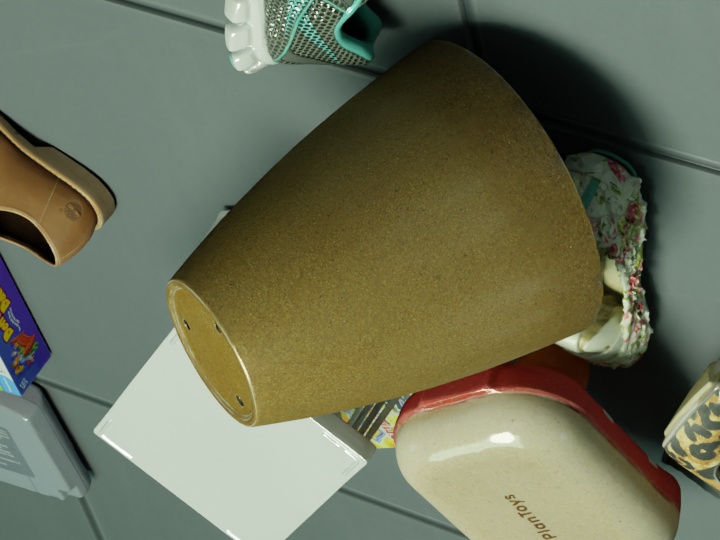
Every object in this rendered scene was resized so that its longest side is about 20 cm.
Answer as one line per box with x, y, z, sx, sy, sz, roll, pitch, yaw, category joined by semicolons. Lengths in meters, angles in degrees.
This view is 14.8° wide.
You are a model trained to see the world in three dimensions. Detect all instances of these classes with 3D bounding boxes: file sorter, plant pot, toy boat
-0.055;0.067;1.738;0.139;0.125;0.200;37;150;-3;file sorter
0.000;0.000;1.540;0.186;0.200;0.186;51;160;26;plant pot
0.115;0.101;1.699;0.130;0.131;0.200;-15;137;32;toy boat

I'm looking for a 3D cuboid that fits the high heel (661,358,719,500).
0.252;0.120;1.649;0.143;0.071;0.200;34;168;12;high heel

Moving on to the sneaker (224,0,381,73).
-0.029;-0.181;1.511;0.091;0.078;0.200;9;149;10;sneaker

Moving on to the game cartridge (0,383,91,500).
-0.321;0.117;2.258;0.200;0.040;0.133;14;149;31;game cartridge

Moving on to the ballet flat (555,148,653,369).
0.130;0.008;1.622;0.076;0.064;0.200;20;148;22;ballet flat

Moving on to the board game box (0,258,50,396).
-0.328;0.001;2.082;0.134;0.045;0.200;15;146;30;board game box

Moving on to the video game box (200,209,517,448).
0.014;0.034;1.795;0.182;0.047;0.200;-5;133;51;video game box

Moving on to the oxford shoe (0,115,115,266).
-0.270;-0.071;1.895;0.200;0.071;0.071;30;152;10;oxford shoe
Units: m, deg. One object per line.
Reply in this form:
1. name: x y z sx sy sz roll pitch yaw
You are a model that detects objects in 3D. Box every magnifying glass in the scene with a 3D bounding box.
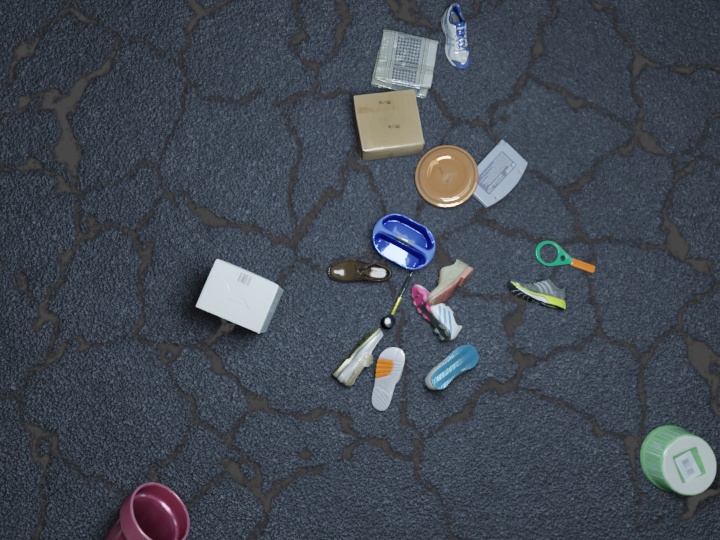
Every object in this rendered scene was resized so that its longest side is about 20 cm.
1. magnifying glass: 0.651 -0.035 1.764 0.198 0.022 0.080 19 84 0

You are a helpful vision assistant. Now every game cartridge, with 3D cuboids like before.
1. game cartridge: 0.433 -0.302 1.765 0.133 0.041 0.200 44 84 4

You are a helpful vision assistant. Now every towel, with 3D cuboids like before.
1. towel: 0.144 -0.668 1.780 0.191 0.035 0.202 12 85 -3

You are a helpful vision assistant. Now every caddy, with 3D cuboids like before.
1. caddy: 0.130 -0.086 1.690 0.199 0.105 0.142 27 85 -1

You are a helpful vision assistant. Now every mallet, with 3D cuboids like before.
1. mallet: 0.117 0.093 1.713 0.041 0.066 0.201 27 69 -2

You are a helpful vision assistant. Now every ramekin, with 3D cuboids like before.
1. ramekin: 0.975 0.583 1.688 0.198 0.098 0.202 0 85 -4

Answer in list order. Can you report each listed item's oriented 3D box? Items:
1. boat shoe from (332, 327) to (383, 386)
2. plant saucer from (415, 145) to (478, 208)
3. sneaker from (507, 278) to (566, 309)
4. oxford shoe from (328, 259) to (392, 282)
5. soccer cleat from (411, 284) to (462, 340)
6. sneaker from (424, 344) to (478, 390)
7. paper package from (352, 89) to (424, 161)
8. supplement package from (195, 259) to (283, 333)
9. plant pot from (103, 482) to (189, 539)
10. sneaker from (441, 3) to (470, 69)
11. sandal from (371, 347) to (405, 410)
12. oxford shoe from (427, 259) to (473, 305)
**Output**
1. boat shoe: 0.005 0.261 1.673 0.068 0.075 0.200 43 91 -5
2. plant saucer: 0.270 -0.297 1.736 0.198 0.032 0.202 -1 82 8
3. sneaker: 0.554 0.058 1.729 0.198 0.074 0.082 20 77 -9
4. oxford shoe: 0.000 0.000 1.687 0.198 0.084 0.073 -1 87 -2
5. soccer cleat: 0.234 0.124 1.706 0.086 0.070 0.201 -27 78 -36
6. sneaker: 0.275 0.292 1.685 0.199 0.081 0.077 -29 85 -25
7. paper package: 0.084 -0.453 1.723 0.198 0.103 0.193 -9 84 -4
8. supplement package: -0.341 0.078 1.599 0.190 0.200 0.148 23 83 -2
9. plant pot: -0.608 0.730 1.538 0.200 0.200 0.179 45 99 1
10. sneaker: 0.307 -0.750 1.771 0.075 0.088 0.202 -17 87 -7
11. sandal: 0.082 0.322 1.680 0.079 0.059 0.208 20 105 15
12. oxford shoe: 0.261 0.036 1.693 0.074 0.071 0.199 41 54 20
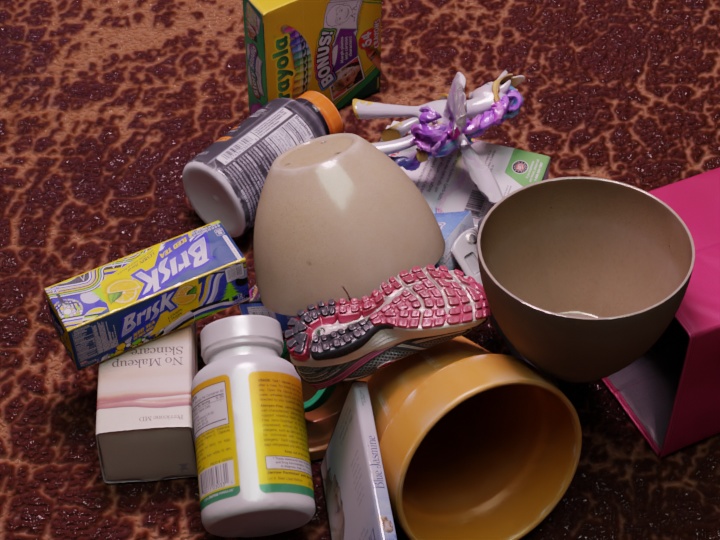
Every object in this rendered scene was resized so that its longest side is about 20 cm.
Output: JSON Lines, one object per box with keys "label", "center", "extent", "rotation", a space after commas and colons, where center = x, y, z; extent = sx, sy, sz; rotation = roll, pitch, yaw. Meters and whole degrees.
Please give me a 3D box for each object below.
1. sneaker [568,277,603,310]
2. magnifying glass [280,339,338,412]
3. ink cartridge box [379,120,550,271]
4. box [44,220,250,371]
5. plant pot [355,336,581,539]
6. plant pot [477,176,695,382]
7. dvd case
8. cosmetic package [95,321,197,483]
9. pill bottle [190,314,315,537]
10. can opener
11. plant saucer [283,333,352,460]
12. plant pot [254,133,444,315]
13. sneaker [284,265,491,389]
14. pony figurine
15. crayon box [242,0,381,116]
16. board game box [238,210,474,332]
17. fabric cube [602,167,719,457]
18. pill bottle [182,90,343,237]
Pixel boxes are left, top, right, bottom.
{"label": "sneaker", "center": [0.219, 0.013, 1.527], "extent": [0.076, 0.202, 0.088], "rotation": [-20, 19, -32]}
{"label": "magnifying glass", "center": [-0.018, 0.076, 1.510], "extent": [0.022, 0.199, 0.080], "rotation": [15, 47, -51]}
{"label": "ink cartridge box", "center": [0.107, -0.080, 1.746], "extent": [0.198, 0.084, 0.145], "rotation": [14, 48, 13]}
{"label": "box", "center": [-0.217, 0.024, 1.545], "extent": [0.199, 0.065, 0.070], "rotation": [-22, 50, -19]}
{"label": "plant pot", "center": [0.087, 0.149, 1.478], "extent": [0.199, 0.202, 0.183], "rotation": [-19, 34, -17]}
{"label": "plant pot", "center": [0.207, 0.025, 1.414], "extent": [0.198, 0.135, 0.201], "rotation": [-1, 42, 1]}
{"label": "dvd case", "center": [-0.004, 0.227, 1.423], "extent": [0.017, 0.143, 0.201], "rotation": [4, 45, -17]}
{"label": "cosmetic package", "center": [-0.221, 0.113, 1.565], "extent": [0.102, 0.088, 0.201], "rotation": [-4, 47, -4]}
{"label": "pill bottle", "center": [-0.109, 0.152, 1.475], "extent": [0.112, 0.113, 0.202], "rotation": [-6, 67, -5]}
{"label": "can opener", "center": [0.164, 0.040, 1.589], "extent": [0.052, 0.066, 0.201], "rotation": [-31, 94, -25]}
{"label": "plant saucer", "center": [-0.070, 0.113, 1.600], "extent": [0.198, 0.038, 0.201], "rotation": [0, 48, 0]}
{"label": "plant pot", "center": [-0.027, -0.060, 1.532], "extent": [0.199, 0.135, 0.201], "rotation": [-16, 20, 6]}
{"label": "sneaker", "center": [0.028, 0.055, 1.434], "extent": [0.198, 0.075, 0.081], "rotation": [-14, 47, 1]}
{"label": "pony figurine", "center": [0.091, -0.154, 1.670], "extent": [0.198, 0.167, 0.194], "rotation": [-13, 34, 11]}
{"label": "crayon box", "center": [-0.058, -0.280, 1.852], "extent": [0.172, 0.201, 0.058], "rotation": [-28, 53, -24]}
{"label": "board game box", "center": [0.000, 0.000, 1.619], "extent": [0.198, 0.044, 0.199], "rotation": [-4, 25, 29]}
{"label": "fabric cube", "center": [0.357, 0.035, 1.562], "extent": [0.198, 0.197, 0.201], "rotation": [-19, 49, -17]}
{"label": "pill bottle", "center": [-0.109, -0.135, 1.783], "extent": [0.106, 0.107, 0.200], "rotation": [31, 54, 26]}

--------

= Your instructions =
In the listing above, locate the line containing "5. soccer cleat from (411, 284) to (462, 340)" and the line containing "12. oxford shoe from (427, 259) to (473, 305)", then transcribe both and every line between them verbatim.

= Solution to this task =
5. soccer cleat from (411, 284) to (462, 340)
6. sneaker from (424, 344) to (478, 390)
7. paper package from (352, 89) to (424, 161)
8. supplement package from (195, 259) to (283, 333)
9. plant pot from (103, 482) to (189, 539)
10. sneaker from (441, 3) to (470, 69)
11. sandal from (371, 347) to (405, 410)
12. oxford shoe from (427, 259) to (473, 305)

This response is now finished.